For those of us in rural and remote emergency medicine, let’s be honest about the trauma we actually see. In Broome, we’re dealing with blunt trauma — predominantly MVAs — and the occasional knife injury. Bullets and bombs in the bush are vanishingly rare. So the direct clinical translation from a Gaza war zone to the Kimberley is limited, and it would be a stretch to pretend otherwise.

But here’s the thing that does translate: time.

In Gaza, the authors estimate most patients arrived within 1-3 hours of injury. In rural WA, 3-6 hours from injury to definitive care is not the exception — it’s the norm. The RFDS is coming, the retrieval is happening, but it takes time. And that time gap is actually the key variable in this whole story.

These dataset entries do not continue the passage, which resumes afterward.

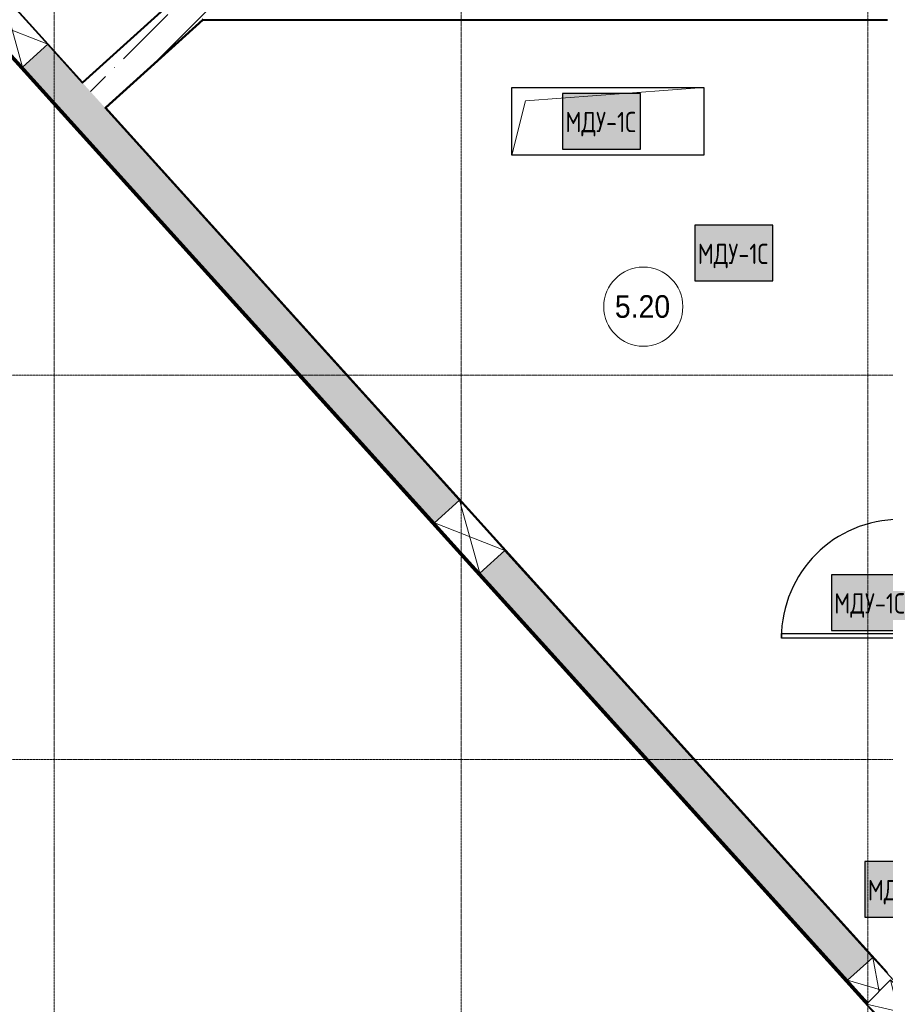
# Model space of a CAD drawing. Header units: millimetres. Extents: x -135639 to 224623, y -383017 to -59102.
# Tile 248 of 256: x 41907 to 49568, y -179588 to -170874. Entities that reach past the tile are written whole.
import ezdxf

# ---------------------------------------------------------------- set-up
doc = ezdxf.new("R2010")
doc.units = ezdxf.units.MM
doc.linetypes.add('Линия сетки', pattern=[25, 20, -2.5, 0, -2.5])
for name, color, linetype, lineweight in [('A-000-M_MASS', 7, 'Continuous', 18), ('A-010-A_ROOM', 7, 'Continuous', 20), ('A-200-M_WALL', 7, 'Continuous', 18), ('A-200-M_WALL_EXT', 7, 'Continuous', 18), ('A-200-M_WALL_INT', 7, 'Continuous', 18), ('A-200-M_WALL_PAT', 7, 'Continuous', 40), ('A-314-M_WINDOW', 7, 'Continuous', 18), ('A-314-M_WINDOW_OPEN', 7, 'Continuous', 18), ('A-325-M_DOOR', 7, 'Continuous', 18), ('A-325-M_DOOR__FRAME', 7, 'Continuous', 30), ('A-325-M_DOOR_PANEL', 7, 'Continuous', 30), ('Z-030-M_GRID', 7, 'Continuous', 9), ('Z-060-M_DETAIL', 7, 'Continuous', 18), ('Арматура воздуховодов', 7, 'Continuous', 18), ('ОС', 5, 'Continuous', 25)]:
    doc.layers.add(name, color=color, linetype=linetype, lineweight=lineweight)
doc.layers.add('ССПС', color=5, linetype='Continuous')
doc.styles.add('1111', font='isocpeur.ttf')
doc.styles.add('Arial_2', font='arial.ttf', dxfattribs={"width": 0.9, "height": 400})
pattern_1 = [(45, (0, 0), (-314.309, 314.309), []), (45, (314.3, 0), (-314.309, 314.309), [555.625, -111.125, 3.353, -107.772])]

# ---------------------------------------------------------------- blocks, each defined once
blk = doc.blocks.new('101_Дверь_Однопольная - _ПЧ_Мет_1000х2000_Тех помещения_EI60_Пр-4553806-B1_-7_650_')
at = {"layer": 'A-325-M_DOOR', "color": 253, "lineweight": 30, "true_color": 0xaaaaaa}
for p, q in [((-600, 15), (-585, 15)), ((-600, -100), (-600, 15)), ((-585, 15), (-585, -100)), ((585, -100), (585, 15)), ((585, 15), (600, 15)), ((600, 15), (600, -100)), ((-585, -100), (-600, -100)), ((600, -100), (585, -100))]:
    blk.add_line(p, q, dxfattribs=at)
at = {"layer": 'A-325-M_DOOR__FRAME', "color": 253, "true_color": 0xaaaaaa}
for p, q in [((-585, 15), (-525, 15)), ((-585, -100), (-585, 15)), ((-525, 15), (-525, -25)), ((525, 15), (585, 15)), ((525, -25), (525, 15)), ((585, 15), (585, -100)), ((-525, -25), (-515, -25)), ((-515, -25), (-515, -100)), ((515, -25), (525, -25)), ((515, -100), (515, -25)), ((-515, -100), (-585, -100)), ((585, -100), (515, -100))]:
    blk.add_line(p, q, dxfattribs=at)
at = {"layer": 'A-325-M_DOOR_PANEL', "color": 253, "true_color": 0xaaaaaa}
for p, q in [((-525, 1065), (-485, 1065)), ((-525, 15), (-525, 1065)), ((-485, 1065), (-485, 15)), ((-485, 15), (-525, 15))]:
    blk.add_line(p, q, dxfattribs=at)
blk.add_arc((-525, 15), 1050, 0, 90, dxfattribs=at)
blk = doc.blocks.new('135_SLK_GD_AR_rvt-1-B1_-7_650_')
at = {"layer": 'A-200-M_WALL_INT', "color": 253, "lineweight": 40, "true_color": 0xaaaaaa}
for p, q in [((50599.2, 21392.6), (47553.5, 24763.3)), ((50599.1, 21389.8), (51477, 22183)), ((51475, 22183.9), (50599.2, 21392.6)), ((51661, 21945), (50803.9, 21170.5)), ((50807.2, 21166.8), (51668.5, 21945)), ((51666.6, 21950), (51661, 21945)), ((51668.5, 21945), (56528.4, 21945)), ((56528.4, 21945), (56651.6, 21945)), ((56651.6, 21945), (57725, 21945)), ((50292.1, 21729.5), (50597.7, 21391.2)), ((50597.7, 21391.2), (50599.1, 21389.8)), ((50803.9, 21170.5), (50800.2, 21167.2)), ((50800.2, 21167.2), (53936.5, 17696.2)), ((57725, 13510.8), (50807.2, 21166.8)), ((54338.7, 17251), (57594.1, 13648.2))]:
    blk.add_line(p, q, dxfattribs=at)
at = {"layer": 'A-325-M_DOOR', "color": 253, "lineweight": 18, "true_color": 0xaaaaaa, "rotation": 89.99999999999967}
blk.add_blockref('101_Дверь_Однопольная - _ПЧ_Мет_1000х2000_Тех помещения_EI60_Пр-4553806-B1_-7_650_', (57850, 17000), dxfattribs=at)
blk = doc.blocks.new('231_Отверстие прямоуг _Окно_Стена_-Без выреза - Отв_КР для раскоса-1914492-B1_-7_650_')
at = {"layer": 'A-314-M_WINDOW_OPEN', "color": 253, "true_color": 0xaaaaaa}
for p, q in [((-175, 151), (425, 151)), ((425, 151), (-175, 151)), ((425, -151), (-175, -151)), ((-175, -151), (425, -151))]:
    blk.add_line(p, q, dxfattribs=at)
at = {"layer": 'A-314-M_WINDOW_OPEN', "color": 253, "lineweight": 9, "true_color": 0xaaaaaa}
for p, q in [((387.5, 151), (-175, 151)), ((425, 151), (387.5, 151)), ((-175, -151), (-137.5, -151)), ((-137.5, -151), (425, -151))]:
    blk.add_line(p, q, dxfattribs=at)
at = {"layer": 'Z-060-M_DETAIL', "color": 253, "true_color": 0xaaaaaa}
for p, q in [((-175, 150), (-175, -150)), ((425, 150), (-175, 150)), ((425, 150), (-175, -150)), ((-175, 150), (425, -150)), ((425, 150), (425, -150)), ((-175, -150), (425, -150))]:
    blk.add_line(p, q, dxfattribs=at)
blk = doc.blocks.new('231_Отверстие прямоуг _Окно_Стена_-Без выреза - Отв_КР для раскоса-1914596-B1_-7_650_')
at = {"layer": 'A-314-M_WINDOW_OPEN', "color": 253, "true_color": 0xaaaaaa}
for p, q in [((-120, 151), (370, 151)), ((370, 151), (-120, 151)), ((149.3, -151), (-120, -151)), ((-120, -151), (149.3, -151))]:
    blk.add_line(p, q, dxfattribs=at)
at = {"layer": 'A-314-M_WINDOW_OPEN', "color": 253, "lineweight": 9, "true_color": 0xaaaaaa}
for p, q in [((320, 151), (-120, 151)), ((370, 151), (320, 151)), ((-120, -151), (-70, -151)), ((-70, -151), (149.3, -151))]:
    blk.add_line(p, q, dxfattribs=at)
at = {"layer": 'Z-060-M_DETAIL', "color": 253, "true_color": 0xaaaaaa}
for p, q in [((-120, 150), (-120, -150)), ((370, 150), (-120, 150)), ((-120, 150), (140.8, -9.7)), ((370, 150), (363.3, 145.9)), ((370, 150), (370, 146.3)), ((139.7, 9), (-120, -150)), ((-120, -150), (149.2, -150))]:
    blk.add_line(p, q, dxfattribs=at)
blk = doc.blocks.new('231_Отверстие прямоуг _Окно_Стена_-Без выреза - Отв_КР для раскоса-1945361-B1_-7_650_')
at = {"layer": 'A-314-M_WINDOW_OPEN', "color": 253, "true_color": 0xaaaaaa}
for p, q in [((-120, 151), (370, 151)), ((370, 151), (118.1, 151)), ((370, -151), (-120, -151)), ((-120, -151), (370, -151))]:
    blk.add_line(p, q, dxfattribs=at)
at = {"layer": 'A-314-M_WINDOW_OPEN', "color": 253, "lineweight": 9, "true_color": 0xaaaaaa}
for p, q in [((-115.6, 151), (-120, 151)), ((320, 151), (118.1, 151)), ((370, 151), (320, 151)), ((-120, -151), (-70, -151)), ((-70, -151), (370, -151))]:
    blk.add_line(p, q, dxfattribs=at)
at = {"layer": 'Z-060-M_DETAIL', "color": 253, "true_color": 0xaaaaaa}
for p, q in [((-120, 150), (-120, -150)), ((370, 150), (-120, 150)), ((370, 150), (-120, -150)), ((-120, 150), (370, -150)), ((370, 150), (370, -150)), ((-120, -150), (370, -150))]:
    blk.add_line(p, q, dxfattribs=at)
blk = doc.blocks.new('ADSK_ОбобщеннаяМодель_ОтверстиеПрямоугольное_вПерекрытии - ADSK_ОтверстиеПрямоугольное_вПерекрытии-2015988-B1_-7_650_')
at = {"layer": 'A-000-M_MASS', "color": 253, "lineweight": 30, "true_color": 0xaaaaaa}
for p, q in [((-850, -300), (-850, 300)), ((-850, 300), (850, 300)), ((850, 300), (850, -300)), ((850, -300), (-850, -300))]:
    blk.add_line(p, q, dxfattribs=at)
at = {"layer": 'A-000-M_MASS', "color": 253, "true_color": 0xaaaaaa}
for p, q in [((-730, 180), (850, 300)), ((-850, -300), (-730, 180))]:
    blk.add_line(p, q, dxfattribs=at)
blk = doc.blocks.new('135_SLK_GD_KR_rvt-1-B1_-7_650_')
at = {"layer": 'A-200-M_WALL_PAT', "lineweight": 9, "true_color": 0xaaaaaa}
h = blk.add_hatch(dxfattribs=at)
h.set_pattern_fill('FP_20', color=253, style=0, pattern_type=2)
h.set_pattern_definition(pattern_1)
h.paths.add_polyline_path([(57371.5, 13447.1), (57594.1, 13648.2), (54338.7, 17251), (54116.1, 17049.9), (57061.6, 13790)])
h.paths.add_polyline_path([(53713.9, 17495), (53936.5, 17696.2), (50292.1, 21729.5), (50069.5, 21528.4), (50292.1, 21282)])
h.paths.add_polyline_path([(49667.2, 21973.6), (49889.8, 22174.7), (48052.8, 24207.7), (47830.2, 24006.6), (48736.8, 23003.2)])
h.paths.add_polyline_path([(47428, 24451.8), (47650.6, 24652.9), (47552.1, 24761.9), (47329.8, 24560.4), (47335.5, 24554.1)])
h.paths.add_polyline_path([(47182.7, 24723.3), (47404.9, 24924.8), (47216.4, 25133.4), (46994.1, 24931.9), (47181, 24725.1)])
h.paths.add_polyline_path([(46847, 25094.8), (47069.2, 25296.3), (46209.8, 26247.4), (45987.6, 26045.9), (46845.3, 25096.6)])
h.paths.add_polyline_path([(45840.4, 26208.8), (46062.7, 26410.2), (45871.7, 26621.7), (45649.4, 26420.2), (45838.7, 26210.6)])
h.paths.add_polyline_path([(45502.2, 26583), (45724.5, 26784.5), (44849.6, 27752.6), (44627.1, 27551.5), (45500.6, 26584.9)])
h.paths.add_polyline_path([(44514.5, 27676.2), (44737.1, 27877.3), (44532.3, 28104), (44310, 27902.5), (44512.2, 27678.7)])
h.paths.add_polyline_path([(44162.9, 28065.4), (44385.1, 28266.8), (43909.6, 28793.1), (43687, 28592), (44161.2, 28067.2)])
h.paths.add_polyline_path([(43173.4, 29160.4), (43396, 29361.5), (43172.6, 29608.5), (42950.1, 29407.5), (43171.1, 29162.9)])
h.paths.add_polyline_path([(42837.5, 29532.2), (43060.1, 29733.3), (42183, 30704), (41960.7, 30502.5), (42835.2, 29534.7)])
h.paths.add_polyline_path([(41813.6, 30665.4), (42035.8, 30866.9), (39875.9, 33257.3), (39653.3, 33056.1), (41811.9, 30667.2)])
h.paths.add_polyline_path([(39251.1, 33501.3), (39473.7, 33702.5), (35880.2, 37679.5), (35657.6, 37478.3), (37824.8, 35079.8)])
h.paths.add_polyline_path([(35255.3, 37923.5), (35477.9, 38124.6), (32404, 41526.6), (32181.4, 41325.5), (33672.6, 39675.1)])
h.paths.add_polyline_path([(31779.2, 41770.7), (32001.8, 41971.8), (28378.1, 45982.2), (28155.5, 45781), (30611, 43063.5)])
h.paths.add_polyline_path([(27753.3, 46226.2), (27975.8, 46427.3), (24097.4, 50719.7), (23874.8, 50518.6), (27697.1, 46288.3)])
h.paths.add_polyline_path([(23241.7, 51443), (23057, 51423.6), (23279.6, 51624.8), (23245.6, 51461.7)])
h.paths.add_polyline_path([(23426.4, 51462.3), (23203.9, 51261.1), (23241.7, 51443), (23420.6, 51461.7)])
h.paths.add_polyline_path([(23204.4, 51260.5), (23426.4, 51462.3), (22177.3, 52844.7), (21955.1, 52643.2), (23203.9, 51261.1)])
h.paths.add_polyline_path([(21807.9, 52806), (22030.2, 53007.5), (21826.2, 53233.1), (21603.7, 53032.1), (21806.2, 52807.9)])
h.paths.add_polyline_path([(21491.1, 53156.7), (21713.6, 53357.9), (20821.3, 54345.5), (20598.7, 54144.4), (21488.8, 53159.2)])
h.paths.add_polyline_path([(20480.5, 54275.1), (20703.1, 54476.3), (19865.1, 55403.7), (19642.5, 55202.6), (20466.2, 54291)])
h.paths.add_polyline_path([(19424.6, 55443.7), (19647.2, 55644.9), (19526.3, 55778.7), (19303.7, 55577.6), (19424.1, 55444.3)])
h.paths.add_polyline_path([(19085.8, 55818.7), (19308.4, 56019.8), (15666.8, 60050), (15262.5, 60050), (19085.3, 55819.2)])
h = blk.add_hatch(dxfattribs=at)
h.set_pattern_fill('FP_20', color=253, style=0, pattern_type=2)
h.set_pattern_definition(pattern_1)
h.paths.add_polyline_path([(50800.2, 21167.2), (51998.6, 22250), (51551.1, 22250), (50599.1, 21389.8)])
at = {"layer": 'A-200-M_WALL', "color": 253, "lineweight": 40, "true_color": 0xaaaaaa}
for p, q in [((47322.1, 24554.1), (57545, 13240.2)), ((47325, 24556.8), (57547.8, 13243)), ((47328, 24559.4), (57550.6, 13245.9))]:
    blk.add_line(p, q, dxfattribs=at)
at = {"layer": 'A-200-M_WALL_EXT', "color": 253, "lineweight": 40, "true_color": 0xaaaaaa}
for p, q in [((15247.6, 60036.6), (57685.2, 13070.1)), ((51551.1, 22250), (50599.1, 21389.8)), ((50800.2, 21167.2), (51666.6, 21950)), ((50599.1, 21389.8), (50292.1, 21729.5)), ((50069.5, 21528.4), (53713.9, 17495)), ((53713.9, 17495), (50069.5, 21528.4)), ((53936.5, 17696.2), (50800.2, 21167.2)), ((57594.1, 13648.2), (54338.7, 17251)), ((54116.1, 17049.9), (57371.5, 13447.1)), ((57371.5, 13447.1), (54116.1, 17049.9))]:
    blk.add_line(p, q, dxfattribs=at)
at = {"layer": 'A-000-M_MASS', "color": 253, "lineweight": 18, "true_color": 0xaaaaaa}
blk.add_blockref('ADSK_ОбобщеннаяМодель_ОтверстиеПрямоугольное_вПерекрытии - ADSK_ОтверстиеПрямоугольное_вПерекрытии-2015988-B1_-7_650_', (55250, 21048.5), dxfattribs=at)
at = {"layer": 'A-314-M_WINDOW', "color": 253, "lineweight": 18, "true_color": 0xaaaaaa}
for name, p, rotation in [('231_Отверстие прямоуг _Окно_Стена_-Без выреза - Отв_КР для раскоса-1914492-B1_-7_650_', (49895.8, 21944.3), 312.1000000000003), ('231_Отверстие прямоуг _Окно_Стена_-Без выреза - Отв_КР для раскоса-1914492-B1_-7_650_', (53942.5, 17465.8), 312.1000000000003), ('231_Отверстие прямоуг _Окно_Стена_-Без выреза - Отв_КР для раскоса-1914596-B1_-7_650_', (57563.2, 13458.6), 312.1000000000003), ('231_Отверстие прямоуг _Окно_Стена_-Без выреза - Отв_КР для раскоса-1945361-B1_-7_650_', (57730.5, 13257.9), 315.5189603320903)]:
    blk.add_blockref(name, p, dxfattribs=dict(at, rotation=rotation))
blk = doc.blocks.new('050_Марка_Помещение - Номер-620969-B1_-7_650_')
at = {"layer": 'A-010-A_ROOM', "color": 253, "true_color": 0xaaaaaa}
blk.add_circle((0, 0), 3.5, dxfattribs=at)
blk = doc.blocks.new('-1 эт')
at = {"layer": 'Z-030-M_GRID', "color": 253, "linetype": 'Линия сетки', "true_color": 0xaaaaaa}
for p, q in [((50350, -19698), (50350, 89253)), ((53950, -19697.8), (53950, 89253.2)), ((57550, -19697.6), (57550, 89253.4)), ((155950.3, 18800), (-3679.5, 18800)), ((155950.5, 15400), (-3679.3, 15400))]:
    blk.add_line(p, q, dxfattribs=at)
at = {"lineweight": 5}
for name in ['135_SLK_GD_KR_rvt-1-B1_-7_650_', '135_SLK_GD_AR_rvt-1-B1_-7_650_']:
    blk.add_blockref(name, (0, 0), dxfattribs=at)
at = {"layer": 'A-010-A_ROOM', "color": 253, "true_color": 0xaaaaaa, "xscale": 99.99999999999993, "yscale": 99.99999999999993, "zscale": 99.99999999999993}
blk.add_blockref('050_Марка_Помещение - Номер-620969-B1_-7_650_', (55563.2, 19407.7), dxfattribs=at)
at = {"layer": 'A-010-A_ROOM', "color": 253, "lineweight": 9, "true_color": 0xaaaaaa, "insert": (55311.4, 19509.4), "char_height": 200, "width": 606.076, "attachment_point": 1, "style": 'Arial_2'}
blk.add_mtext('5.20', dxfattribs=at)
blk = doc.blocks.new('ger')
at = {"lineweight": 40, "ltscale": 2, "true_color": 0xffffff}
h = blk.add_hatch(color=7, dxfattribs=at)
h.dxf.hatch_style = 1
h.paths.add_polyline_path([(491036.1, -67335.5), (491036.1, -66842.7), (490344.7, -66842.7), (490344.7, -67335.5)])
at = {"layer": 'ОС', "color": 1, "lineweight": 30}
blk.add_lwpolyline([(491036.1, -66842.7), (490344.7, -66842.7), (490344.7, -67335.5), (491036.1, -67335.5)], close=True, dxfattribs=at)
at = {"layer": 'ССПС', "color": 1, "lineweight": -2, "ltscale": 1000, "style": '1111', "width": 0.8}
blk.add_text('МДУ-1С', height=180, dxfattribs=at).set_placement((490370.6, -67185.8))

msp = doc.modelspace()

# ---------------------------------------------------------------- block references
msp.add_blockref('-1 эт', (-8136.8, -192821.5))
at = {"layer": 'Арматура воздуховодов', "lineweight": 30}
for p in [(-443633.7, -104683.9), (-442462.7, -105850.9), (-441254, -108944), (-440957.2, -111482.4)]:
    msp.add_blockref('ger', p, dxfattribs=at)

doc.saveas('drawing.dxf')

So ask yourself: what does the surviving cohort of significant chest trauma look like at the 3-6 hour mark in a rural Australian ED? By definition, they’ve already declared themselves — they’re not the immediate exsanguinators, not the tension pneumos that killed someone on scene. They’re the ones whose physiology has found some kind of equilibrium, however fragile.

Sound familiar? That’s the Goldilocks zone again.

Whether we’ll ever see the specific tamponade pattern described in this paper in our rural survivors is uncertain — the injury mechanisms are different, and blunt cardiac injury behaves differently from a shrapnel wound to the right ventricle. But the underlying principle — that a haemodynamically tenuous patient at the far end of a long retrieval window might respond to aggressive pericardial decompression as a bridge or even definitive treatment — is worth holding onto.

It’s not a protocol change. Not yet. But it’s worth knowing, and worth having the kit and the skills ready.


Bottom Line

This is a case series, not an RCT. It’s small, uncontrolled, and conducted in an environment most of us will never work in. You can’t transplant 96% survival figures into a teaching hospital context and assume equivalence.

But the findings are hypothesis-generating in the best possible way. The protocol is logical, the technical components are reproducible, and the outcomes are remarkable. This paper deserves serious attention from trauma guidelines committees — particularly the large-bore drainage component, which is the element most likely to be driving these results and which warrants formal prospective evaluation.

And beyond the clinical content: the fact that this protocol was born out of necessity, refined under extraordinary pressure, and rigorously documented by clinicians working in a war zone — that alone demands our respect and attention.